Là où le film réussit à capturer la complexité du personnage dans sa dimension tragique, il échoue à maintenir un équilibre entre introspection et divertissement. La lenteur du récit et la répétitivité de certaines scènes plombent le rythme du film. Si la relation père / fils est bien développée, elle devient parfois trop insistante, au point d’éclipser l’action et d’alourdir le propos. Bruce Banner, tiraillé entre sa peur de l’héritage paternel et son refus d’accepter son destin, tourne en rond dans ses questionnements existentiels. Certains dialogues frisent le ridicule, et la symbolique surchargée alourdit encore davantage un scénario qui aurait gagné à plus de concision. Jennifer Connelly, n’échappe pas aux écueils du scénario. Son rôle de sidekick féminin se résume à subir les événements plutôt qu’à influencer réellement l’histoire. Elle sert essentiellement de catalyseur émotionnel pour Bruce, sans véritable développement propre.
Visuellement, Ang Lee tente d’ancrer son film dans l’univers des comics en jouant sur le découpage des plans. Il multiplie les split-screens et les effets de transition rappelant la mise en page d’un comics. Si cette approche est originale, elle devient parfois envahissante et distrayante, donnant une impression de style surchargé.
La bande originale, composée par Danny Elfman, apporte une touche épique et mélancolique au film. Habitué aux super-héros, il livre une partition efficace, cependant bien que moins mémorable que ses travaux précédents.

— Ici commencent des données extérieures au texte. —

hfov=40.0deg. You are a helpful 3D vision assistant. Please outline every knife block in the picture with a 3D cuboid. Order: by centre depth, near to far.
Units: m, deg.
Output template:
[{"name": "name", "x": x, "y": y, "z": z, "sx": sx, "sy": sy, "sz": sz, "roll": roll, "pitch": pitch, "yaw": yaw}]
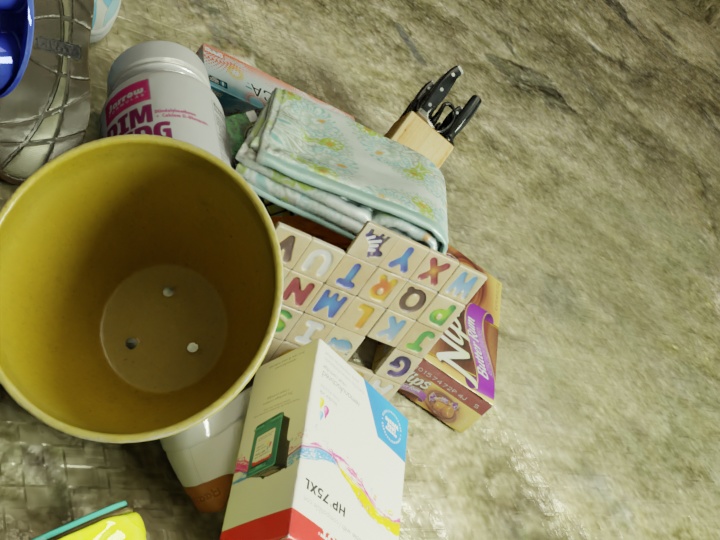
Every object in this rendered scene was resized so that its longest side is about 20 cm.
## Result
[{"name": "knife block", "x": 0.056, "y": -0.128, "z": 1.080, "sx": 0.064, "sy": 0.176, "sz": 0.201, "roll": 37, "pitch": 34, "yaw": -9}]

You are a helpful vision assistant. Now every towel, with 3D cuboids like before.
[{"name": "towel", "x": -0.009, "y": -0.091, "z": 0.905, "sx": 0.198, "sy": 0.049, "sz": 0.172, "roll": 25, "pitch": 29, "yaw": -8}]

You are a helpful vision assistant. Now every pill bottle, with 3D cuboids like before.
[{"name": "pill bottle", "x": -0.168, "y": -0.099, "z": 0.861, "sx": 0.112, "sy": 0.113, "sz": 0.202, "roll": 17, "pitch": 42, "yaw": -35}]

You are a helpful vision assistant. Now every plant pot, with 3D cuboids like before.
[{"name": "plant pot", "x": -0.148, "y": 0.027, "z": 0.697, "sx": 0.201, "sy": 0.199, "sz": 0.142, "roll": 53, "pitch": -10, "yaw": 13}]

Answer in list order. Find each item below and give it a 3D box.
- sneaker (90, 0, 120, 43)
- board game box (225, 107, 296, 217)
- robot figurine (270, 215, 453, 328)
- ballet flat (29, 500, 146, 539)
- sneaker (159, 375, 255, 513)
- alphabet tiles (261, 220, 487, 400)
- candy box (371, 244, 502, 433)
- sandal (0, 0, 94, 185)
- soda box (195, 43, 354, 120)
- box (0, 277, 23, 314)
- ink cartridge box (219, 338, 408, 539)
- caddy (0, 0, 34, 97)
[{"name": "sneaker", "x": -0.267, "y": -0.279, "z": 0.930, "sx": 0.079, "sy": 0.131, "sz": 0.201, "roll": 39, "pitch": 33, "yaw": -5}, {"name": "board game box", "x": -0.063, "y": -0.065, "z": 0.965, "sx": 0.104, "sy": 0.023, "sz": 0.202, "roll": -21, "pitch": 82, "yaw": -34}, {"name": "robot figurine", "x": 0.000, "y": 0.000, "z": 0.917, "sx": 0.197, "sy": 0.058, "sz": 0.147, "roll": 0, "pitch": 57, "yaw": -30}, {"name": "ballet flat", "x": -0.202, "y": 0.187, "z": 0.569, "sx": 0.198, "sy": 0.066, "sz": 0.068, "roll": -4, "pitch": 70, "yaw": -51}, {"name": "sneaker", "x": -0.079, "y": 0.127, "z": 0.777, "sx": 0.199, "sy": 0.072, "sz": 0.086, "roll": -26, "pitch": 97, "yaw": -57}, {"name": "alphabet tiles", "x": -0.013, "y": 0.033, "z": 0.843, "sx": 0.198, "sy": 0.168, "sz": 0.008, "roll": 22, "pitch": 28, "yaw": -30}, {"name": "candy box", "x": 0.083, "y": 0.056, "z": 1.023, "sx": 0.116, "sy": 0.057, "sz": 0.201, "roll": 35, "pitch": 33, "yaw": -14}, {"name": "sandal", "x": -0.271, "y": -0.167, "z": 0.831, "sx": 0.081, "sy": 0.054, "sz": 0.204, "roll": 9, "pitch": 79, "yaw": -39}, {"name": "soda box", "x": -0.096, "y": -0.158, "z": 1.049, "sx": 0.198, "sy": 0.064, "sz": 0.069, "roll": 21, "pitch": 40, "yaw": -31}, {"name": "box", "x": -0.330, "y": -0.011, "z": 0.648, "sx": 0.199, "sy": 0.050, "sz": 0.159, "roll": 34, "pitch": 35, "yaw": -17}, {"name": "ink cartridge box", "x": -0.030, "y": 0.165, "z": 0.684, "sx": 0.116, "sy": 0.067, "sz": 0.202, "roll": 44, "pitch": 35, "yaw": -32}, {"name": "caddy", "x": -0.324, "y": -0.216, "z": 0.767, "sx": 0.199, "sy": 0.143, "sz": 0.104, "roll": 33, "pitch": 29, "yaw": 33}]

Enfin, les fans auront apprécié le cameo de Stan Lee et Lou Ferrigno, un clin d’œil sympathique aux origines du personnage.
Hulk est une tentative audacieuse de réinventer le mythe du Géant de Jade en y injectant une profondeur dramatique rarement vue dans le genre super-héroïque. Mais cette ambition se heurte à des choix de mise en scène contestables, des effets spéciaux datés et un scénario qui manque d’équilibre entre réflexion et action. Si Ang Lee a réussi à donner une âme au personnage de Bruce Banner, il n’a pas su pleinement exploiter son alter ego monstrueux, rendant son film frustrant pour ceux qui attendaient une adaptation plus fidèle au comics.